How much is a lot?  Well, let’s start with this:

BeforeCompression

These are some numbers for an early beta.  We have 91,130 products modeled and a model history of 194,830 products.  Each model, on its own, averages out to 177K in our ProductModel table and 212K in ProductModelHistory.  As mentioned, different types of models take up different amounts of space (and I didn’t elaborate upon all the types of models we’re using), so we wouldn’t expect the aggregates to be exactly the same.  I included a contrast:  we’ve generated 16.4 million quantity sold predictions during this time, but the total disk space is under 1 GB and 2/3 of that is a unique nonclustered index.  The 372MB is columnstore.  I love columnstore…

Compression

So right now, we’re burning roughly 200K per model.  My stated goal is to be able to store several years worth of data for 10 million products.  Let’s say that I need 10 million products in ProductModel and 1 billion rows in ProductModelHistory.  That means that we’d end up with 1.86 TB of data in the ProductModel table and 186 TB in ProductModelHistory.  This seems…excessive.

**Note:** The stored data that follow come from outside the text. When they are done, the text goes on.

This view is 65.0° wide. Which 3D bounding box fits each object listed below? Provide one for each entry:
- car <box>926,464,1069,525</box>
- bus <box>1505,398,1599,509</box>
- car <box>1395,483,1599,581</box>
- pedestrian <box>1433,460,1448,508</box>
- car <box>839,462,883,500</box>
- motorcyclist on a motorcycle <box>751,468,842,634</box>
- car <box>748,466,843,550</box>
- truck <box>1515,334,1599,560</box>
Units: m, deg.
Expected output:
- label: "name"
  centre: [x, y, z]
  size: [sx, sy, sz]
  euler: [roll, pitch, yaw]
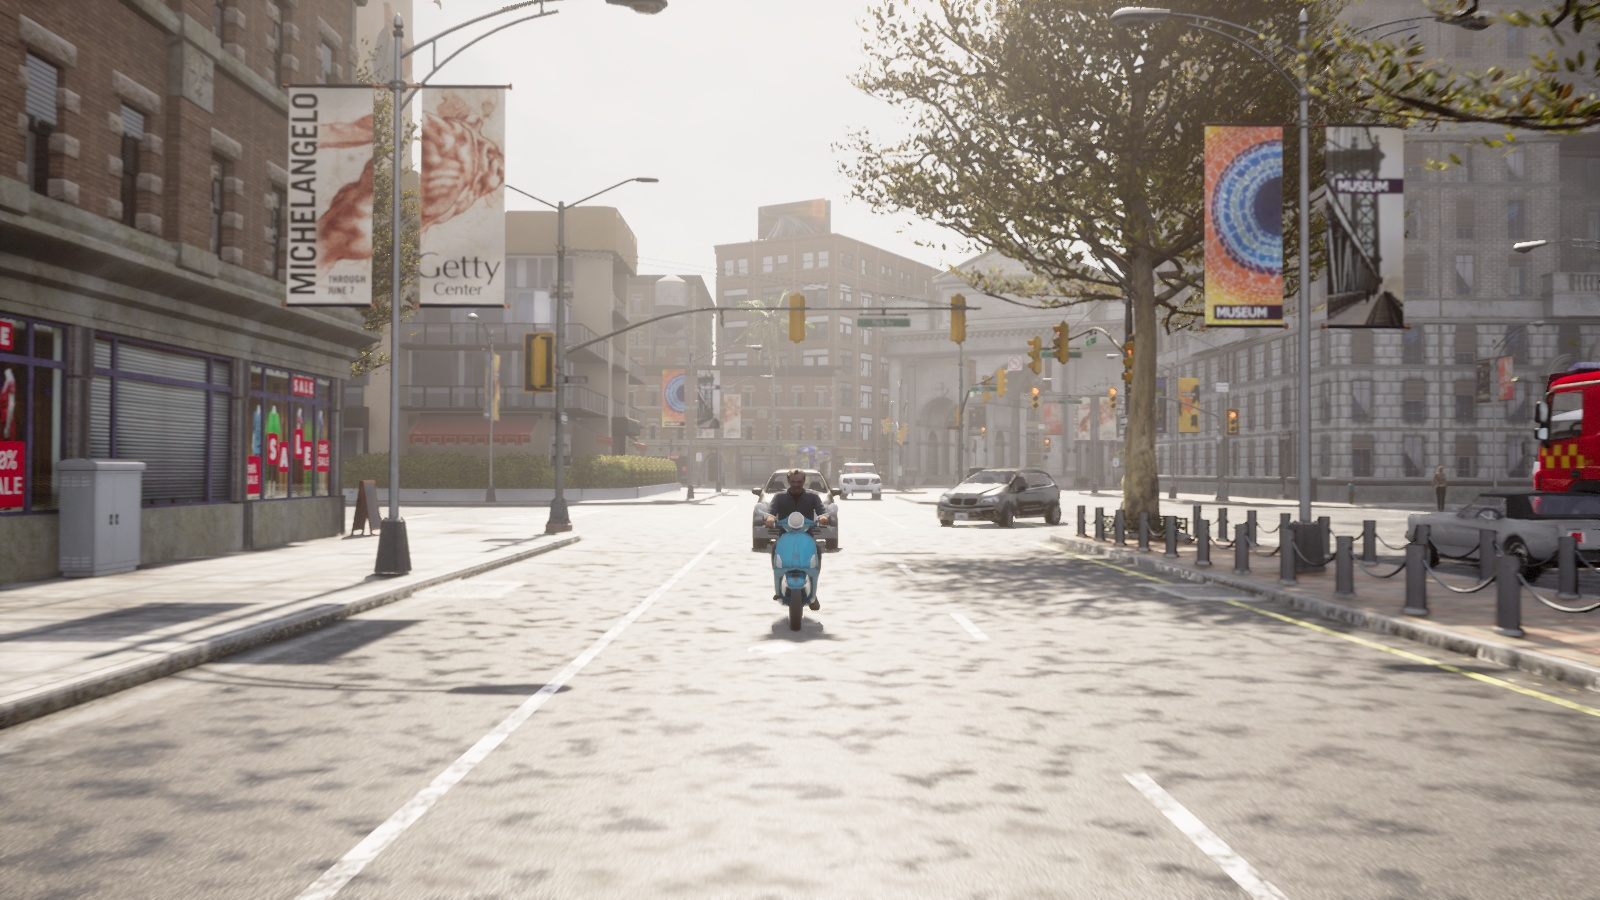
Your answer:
- label: "car"
  centre: [5.857, 1.252, 36.859]
  size: [2.242, 1.667, 4.611]
  euler: [-1, -1, 37]
- label: "bus"
  centre: [34.361, 0.139, 50.082]
  size: [10.273, 4.253, 3.944]
  euler: [0, -1, -1]
- label: "car"
  centre: [11.380, 1.199, 19.694]
  size: [1.895, 1.301, 4.718]
  euler: [0, -1, 1]
- label: "pedestrian"
  centre: [24.435, 1.294, 47.910]
  size: [0.331, 1.846, 0.634]
  euler: [0, -1, 14]
- label: "car"
  centre: [3.327, 1.692, 69.965]
  size: [2.150, 2.045, 5.566]
  euler: [0, -1, 0]
- label: "motorcyclist on a motorcycle"
  centre: [-0.032, 0.985, 12.959]
  size: [0.866, 1.590, 1.817]
  euler: [0, -1, 0]
- label: "car"
  centre: [-0.054, 1.154, 26.355]
  size: [1.851, 1.617, 3.988]
  euler: [0, -1, 1]
- label: "truck"
  centre: [14.947, -0.085, 19.435]
  size: [2.891, 3.827, 8.468]
  euler: [0, -1, 0]

As a result, I decided to try using the COMPRESS() function in SQL Server 2016.  The COMPRESS function simply uses GZip compression.  Yeah, there are compression algorithms which tend to be more compact (e.g., bz2 or 7z), but GZip is relatively CPU efficient and I can wrap my SQL statements with COMPRESS() and DECOMPRESS() and not have to change any calling code; I just need to update the two stored procedures I use to insert and then retrieve product models.

With compression in place, my data on disk looks much less unreasonable:

PostCompression

That’s a drop from 200K per model down to about 45K per model, or an overall 4.7x compression ratio.  I noticed that the type of model was instrumental in the amount of compression.  Our neural nets compressed roughly 2x, going from approximately 40K per model down to 20K per model.  Meanwhile, those decision trees went from 2-4MB down to about 200K per model.

At 45K per model, storing 10 million models is about 429 GB, and 1 billion rows is just shy of 43 TB.  For my needs, that saves approximately 140 TB of disk space.  Your mileage will probably vary, but if you’re generating a large number of models, think about compression.